Peking bringt mit Konjunkturspritzen Wachstum auf Kurs
Peking (dpa) - Chinas Wirtschaft gewinnt wieder etwas mehr Schwung. Im zweiten Quartal dieses Jahres zog das Wachstum in der zweitgrößten Volkswirtschaft der Welt leicht auf 7,5 Prozent im Vergleich zum Vorjahreszeitraum an, wie das Statistikamt in Peking mitteilte.
Grund dafür sind nach Einschätzung von Ökonomen Konjunkturspritzen der Regierung. Das leicht angezogene Tempo entspricht exakt dem Wachstumsziel der Regierung für das gesamte Jahr. In den vergangenen Monaten hatte Peking zusätzliche Ausgaben bei der Eisenbahn und im sozialen Wohnungsbau angeschoben.
Alleine im Juni waren die Staatsausgaben im Vergleich zum Vorjahresmonat um rund 26 Prozent auf 1,65 Billionen Yuan (rund 200 Milliarden Euro) gestiegen.
Analysten hatten im zweiten Quartal mit 7,4 Prozent etwas weniger erwartet. Mit der Geschwindigkeit war China in den ersten drei Monaten dieses Jahres gewachsen.
„Ohne einen Mikrostimulus der Regierung sähen die Wirtschaftsdaten verheerend aus“, sagte Wirtschaftskommentatorin Ye Tan der Nachrichtenagentur dpa. „Die Dynamik der letzten Monate ist auf die expansivere Gangart der Zentralregierung zurückzuführen“, schrieb auch Frederik Kunze von der Norddeutschen Landesbank.
Aus Zahlen der Zentralbank geht hervor, dass trotz der Sorge um faule Kredite Chinas Finanzinstitutionen und Staatsbanken im Juni die Wirtschaft wieder mit deutlich mehr Krediten gestützt haben. Der Umfang der Kredite wuchs auf rund eine Billion Yuan (118 Milliarden Euro) nach rund 870 Milliarden Yuan im Mai.

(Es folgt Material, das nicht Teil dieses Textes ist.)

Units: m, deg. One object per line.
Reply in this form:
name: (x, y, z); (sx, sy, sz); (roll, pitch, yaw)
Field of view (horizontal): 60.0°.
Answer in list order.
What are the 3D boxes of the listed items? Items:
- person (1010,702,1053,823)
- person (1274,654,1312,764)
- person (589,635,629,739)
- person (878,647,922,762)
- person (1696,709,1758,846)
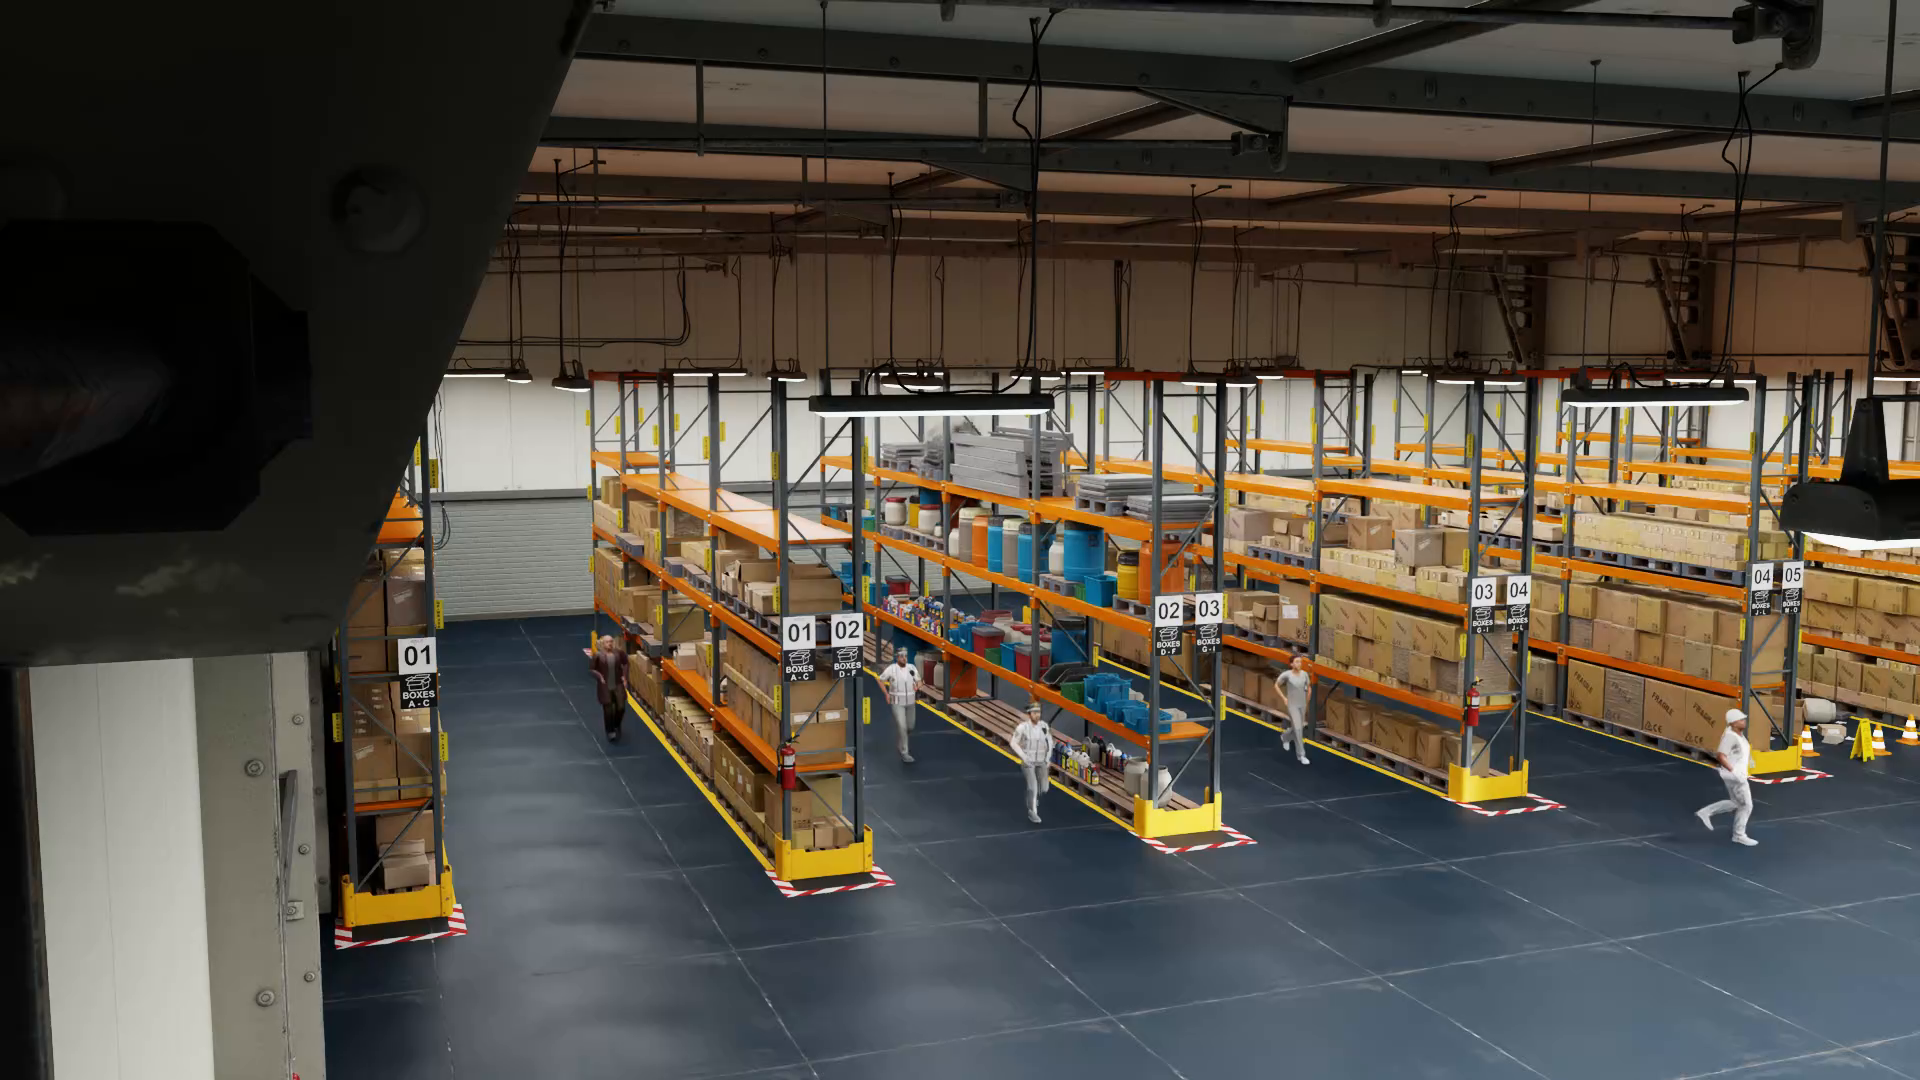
person: (0.980, 2.996, 22.615); (0.637, 1.652, 0.570); (-2, 7, -20)
person: (5.224, 2.596, 25.950); (0.577, 1.656, 0.914); (-2, 7, -20)
person: (-5.708, 2.421, 27.221); (0.682, 1.735, 0.654); (-3, 7, -21)
person: (-0.904, 2.540, 26.081); (0.673, 1.750, 0.923); (-3, 7, -25)
person: (9.997, 3.060, 21.607); (0.749, 1.767, 0.674); (3, 7, 24)
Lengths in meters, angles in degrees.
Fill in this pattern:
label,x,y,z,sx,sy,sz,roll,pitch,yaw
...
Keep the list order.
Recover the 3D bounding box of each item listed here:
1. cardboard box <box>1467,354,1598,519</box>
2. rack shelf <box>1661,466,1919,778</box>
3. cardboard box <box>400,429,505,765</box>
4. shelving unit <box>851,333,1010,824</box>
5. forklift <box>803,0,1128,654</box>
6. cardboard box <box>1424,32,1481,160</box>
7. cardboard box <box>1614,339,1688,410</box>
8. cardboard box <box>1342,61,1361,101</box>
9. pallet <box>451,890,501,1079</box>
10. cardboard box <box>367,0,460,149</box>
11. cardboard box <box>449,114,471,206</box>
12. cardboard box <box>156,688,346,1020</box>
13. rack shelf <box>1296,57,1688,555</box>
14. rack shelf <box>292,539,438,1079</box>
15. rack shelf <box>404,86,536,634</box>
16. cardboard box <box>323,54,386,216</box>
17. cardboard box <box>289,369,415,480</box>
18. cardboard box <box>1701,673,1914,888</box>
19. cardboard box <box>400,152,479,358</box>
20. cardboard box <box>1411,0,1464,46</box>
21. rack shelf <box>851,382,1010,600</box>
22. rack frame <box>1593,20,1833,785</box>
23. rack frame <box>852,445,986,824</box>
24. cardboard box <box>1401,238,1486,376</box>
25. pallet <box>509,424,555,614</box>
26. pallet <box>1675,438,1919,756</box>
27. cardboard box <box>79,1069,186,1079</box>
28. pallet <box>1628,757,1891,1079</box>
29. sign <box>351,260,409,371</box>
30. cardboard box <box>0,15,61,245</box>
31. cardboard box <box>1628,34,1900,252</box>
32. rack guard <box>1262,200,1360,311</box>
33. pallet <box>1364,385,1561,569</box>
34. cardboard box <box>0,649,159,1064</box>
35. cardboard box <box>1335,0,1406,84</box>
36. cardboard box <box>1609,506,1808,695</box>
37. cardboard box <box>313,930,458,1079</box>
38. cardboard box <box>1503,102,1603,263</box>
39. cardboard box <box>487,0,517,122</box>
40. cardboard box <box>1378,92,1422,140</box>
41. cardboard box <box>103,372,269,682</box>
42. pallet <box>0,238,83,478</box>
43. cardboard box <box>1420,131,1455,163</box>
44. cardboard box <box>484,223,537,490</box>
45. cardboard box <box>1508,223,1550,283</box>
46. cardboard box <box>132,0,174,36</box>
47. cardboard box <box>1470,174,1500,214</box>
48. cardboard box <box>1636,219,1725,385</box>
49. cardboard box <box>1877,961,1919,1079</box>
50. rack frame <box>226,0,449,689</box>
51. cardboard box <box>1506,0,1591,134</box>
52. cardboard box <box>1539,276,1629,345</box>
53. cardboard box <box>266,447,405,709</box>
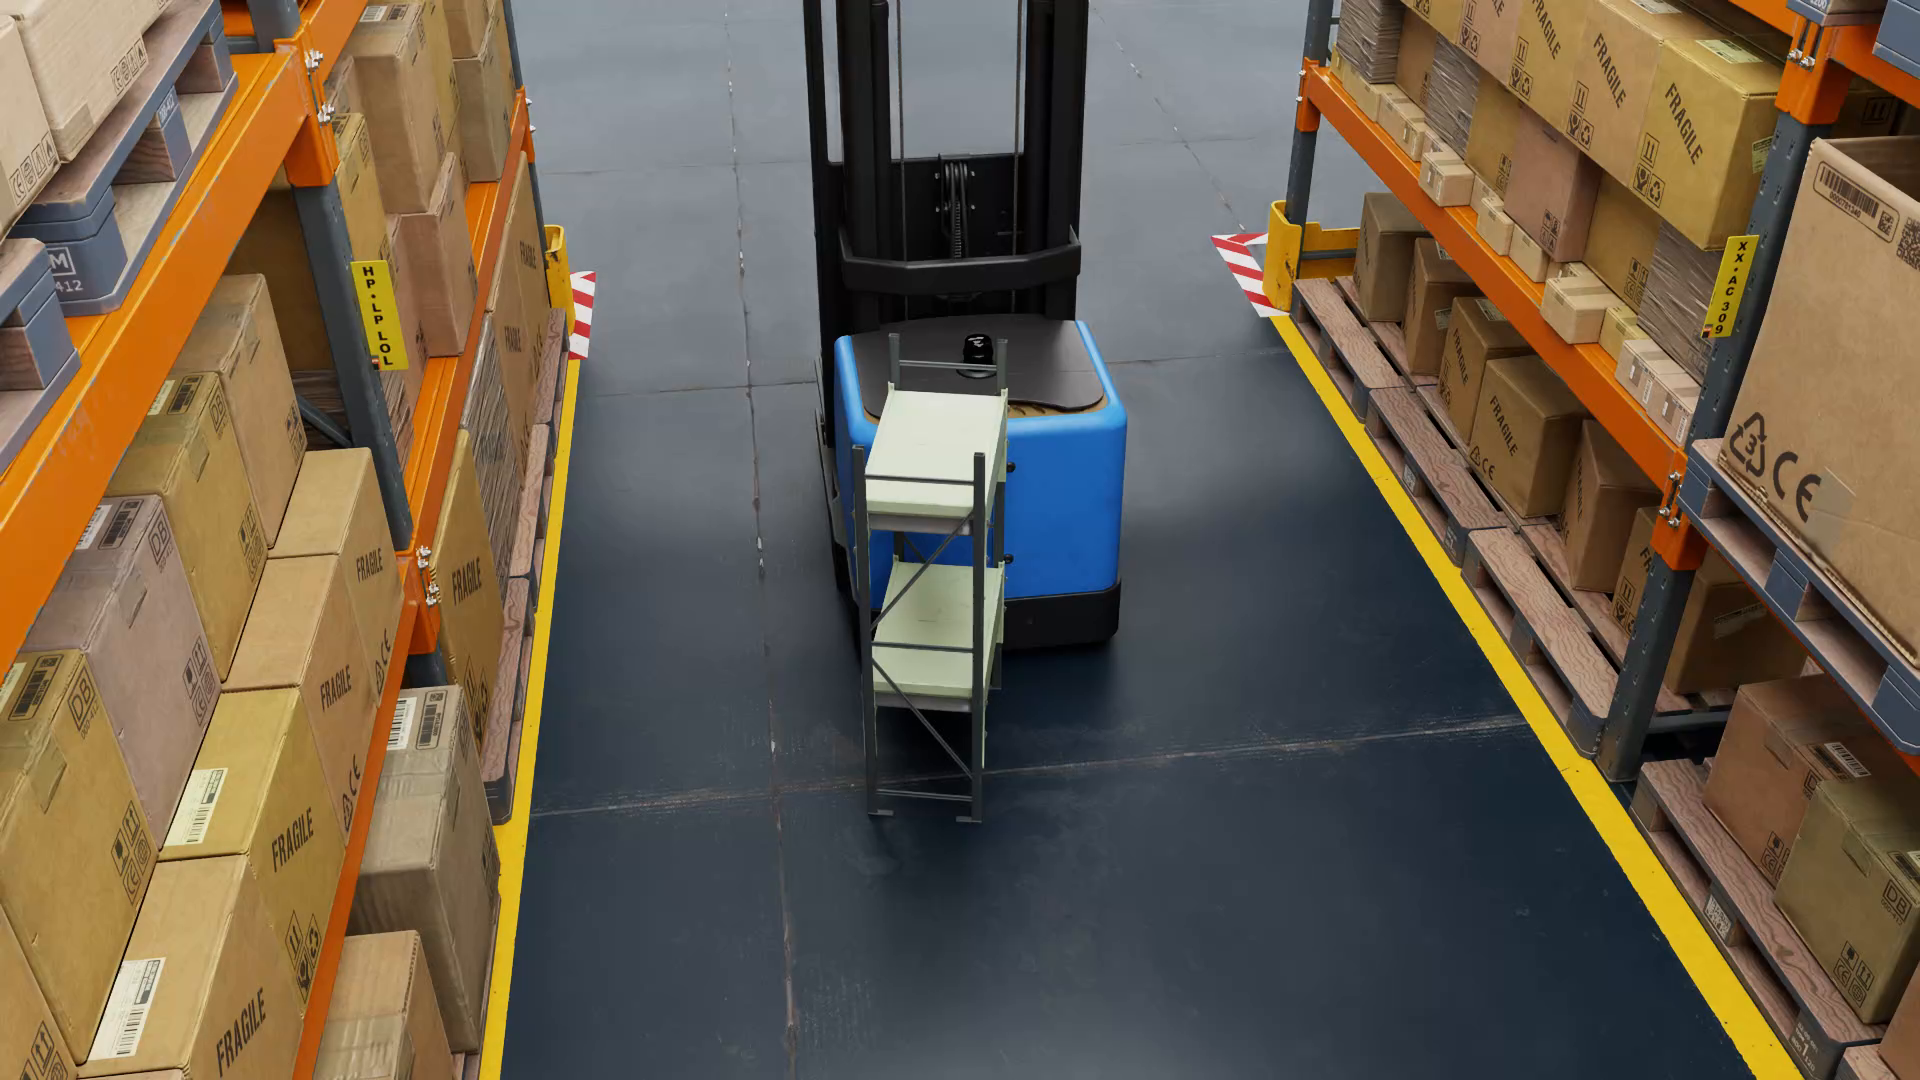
label,x,y,z,sx,sy,sz,roll,pitch,yaw
cardboard box,2.553,-0.460,7.108,0.500,0.500,0.500,-7,35,-11
rack shelf,3.082,0.980,3.788,1.077,0.370,4.000,-4,35,-6
cardboard box,-2.130,0.234,5.757,0.875,0.875,0.875,-4,34,-6
shelving unit,-0.082,0.147,5.703,0.431,1.500,0.755,4,34,5
forklift,-0.087,-1.562,6.940,1.130,2.935,3.031,-5,35,-7
cardboard box,2.533,-1.969,7.123,0.875,0.500,0.500,-4,35,-6
cardboard box,2.469,-0.568,5.643,0.380,0.149,0.250,-4,35,-6
cardboard box,2.092,-2.244,8.102,0.380,0.149,0.250,-4,35,-6
pallet,-1.937,1.463,4.916,1.003,0.211,1.213,-4,35,-6
cardboard box,-2.335,-1.736,6.042,0.875,0.550,0.500,-4,35,-6
cardboard box,-2.512,-1.578,6.768,0.875,0.550,0.550,-4,35,-6
cardboard box,-1.644,0.679,3.501,0.500,0.500,0.500,-4,34,-6
rack shelf,2.544,-1.253,7.063,1.077,0.370,4.000,-4,35,-6
rack shelf,-1.846,1.299,3.319,1.077,0.370,4.000,-4,35,-6
rack shelf,-2.384,-0.933,6.595,1.077,0.370,4.000,-4,35,-6
cardboard box,-2.320,-1.129,5.151,0.875,0.550,0.550,-4,35,-6
cardboard box,-2.177,-0.381,5.013,0.875,0.550,0.550,-4,35,-6
cardboard box,2.875,0.762,5.298,0.700,0.500,0.500,-7,35,-10
cardboard box,-2.229,-0.997,5.916,0.875,0.550,0.550,-4,35,-6
cardboard box,2.208,-2.357,6.805,0.500,0.500,0.500,-4,35,-6
rack shelf,-0.082,-0.176,5.483,0.431,0.370,0.720,4,34,5
rack frame,2.813,-0.434,5.223,1.000,3.000,0.127,-4,35,-6
rack frame,-0.123,0.351,5.403,0.400,1.500,0.023,4,34,5
cardboard box,2.457,-1.126,8.085,0.500,0.500,0.500,4,35,6
pallet,-2.307,-0.075,7.172,1.003,0.211,1.213,-4,35,-6
pallet,2.772,0.083,4.635,1.003,0.211,1.213,-4,35,-6
cardboard box,-1.509,1.240,2.678,0.500,0.500,0.500,-4,35,-6
pallet,2.920,1.153,5.371,1.003,0.211,1.213,-4,35,-6
sign,-1.579,-0.607,4.519,0.100,0.325,0.005,-4,35,-6
cardboard box,-1.661,-0.571,2.377,0.500,0.311,0.500,-6,35,-8
cardboard box,2.480,-1.241,5.167,0.500,0.500,0.500,-4,35,-6
rack guard,2.286,-1.591,9.140,1.175,0.500,0.348,-4,35,-6
pallet,2.521,-0.336,7.555,1.003,0.211,1.213,-4,35,-6
cardboard box,-1.837,0.558,2.790,0.700,0.500,0.500,-5,35,-7
cardboard box,2.322,-2.521,7.933,0.875,0.500,0.500,-4,35,-6
cardboard box,2.799,0.199,6.141,0.500,0.500,0.500,-5,35,-8
cardboard box,-1.817,1.520,3.981,1.050,0.750,0.750,-4,35,-6
cardboard box,2.615,-1.407,6.298,0.875,0.500,0.500,-4,35,-6
cardboard box,-2.558,-2.205,7.689,0.875,0.550,0.550,-4,35,-6
cardboard box,2.165,-1.965,7.694,0.380,0.149,0.250,-4,35,-6
cardboard box,-1.971,-0.005,3.618,0.700,0.500,0.500,-5,35,-7
pallet,-1.870,-0.023,2.124,1.003,0.211,1.213,-3,34,-4
cardboard box,2.252,-1.688,7.286,0.380,0.149,0.250,-4,35,-6
cardboard box,-2.376,-0.778,7.242,0.875,0.875,0.875,-5,35,-7
cardboard box,2.374,-1.129,6.466,0.380,0.149,0.250,-4,35,-6
cardboard box,-1.862,-1.125,3.245,0.500,0.250,0.500,-4,34,-6
cardboard box,2.348,-1.411,6.880,0.380,0.149,0.250,-4,35,-6
cardboard box,2.814,-0.854,5.486,0.875,0.500,0.500,-4,35,-6
cardboard box,2.996,1.341,4.447,0.700,0.500,0.500,-7,35,-10
rack frame,-2.115,-0.115,4.754,1.000,3.000,0.127,-4,35,-6
cardboard box,2.345,-1.799,5.986,0.500,0.500,0.500,-4,35,-6
cardboard box,2.351,-0.843,6.046,0.380,0.149,0.250,-4,35,-6
cardboard box,-1.780,0.115,4.329,0.500,0.500,0.500,-5,35,-7

Mit 7,5 Prozent liegt China weit unter dem zweistelligen Turbo-Wachstum der vergangenen Jahrzehnte. Sollte es in diesem Jahr bei dem Tempo bleiben, wäre es das langsamste Wachstum seit 24 Jahren. Im Vergleich zum Wachstum in Europa und den USA erscheinen Wachstumszahlen wie in China aber bemerkenswert, doch sind sie für ein Schwellenland wie China mit seinem Nachholbedarf nicht hoch.
Chinas Staatsführung will eine grundlegende Umstrukturierung der Wirtschaft anstoßen. Dafür will sie auch geringere Wachstumsraten in Kauf nehmen.
Die Reformen könnten jedoch Chinas Wirtschaft zusätzlich unter Druck setzen. Die Regierung versucht Überkapazitäten wie etwa in der Solarbranche langsam abzubauen. Gleichzeitig ist das Wachstum durch die gewaltigen Schulden von Kommunen und Staatsbetrieben in Gefahr. Auch die Immobilienblase und das System an Schattenbanken stimmen Experten pessimistisch. „Wir bezweifeln, dass das Wachstum in China bereits die Talsohle erreicht hat oder sogar wieder Fahrt aufnimmt“, schreibt Nikolaus Keis von UniCredit.
Wichtige Frühindikatoren deuten zumindest auf eine leichte Verbesserung der Wirtschaftslage hin. Die Industrieproduktion legte im Juni im Vergleich zum Vorjahreszeitraum um 9,2 Prozent etwas stärker als erwartet zu. Auch die Sachinvestitionen lagen mit einem Plus von 17,3 leicht über Analystenerwartungen. Gleichzeitig blieben jedoch die Einzelhandelsumsätze im Juni mit 12,4 Prozent leicht hinter den Vorhersagen zurück.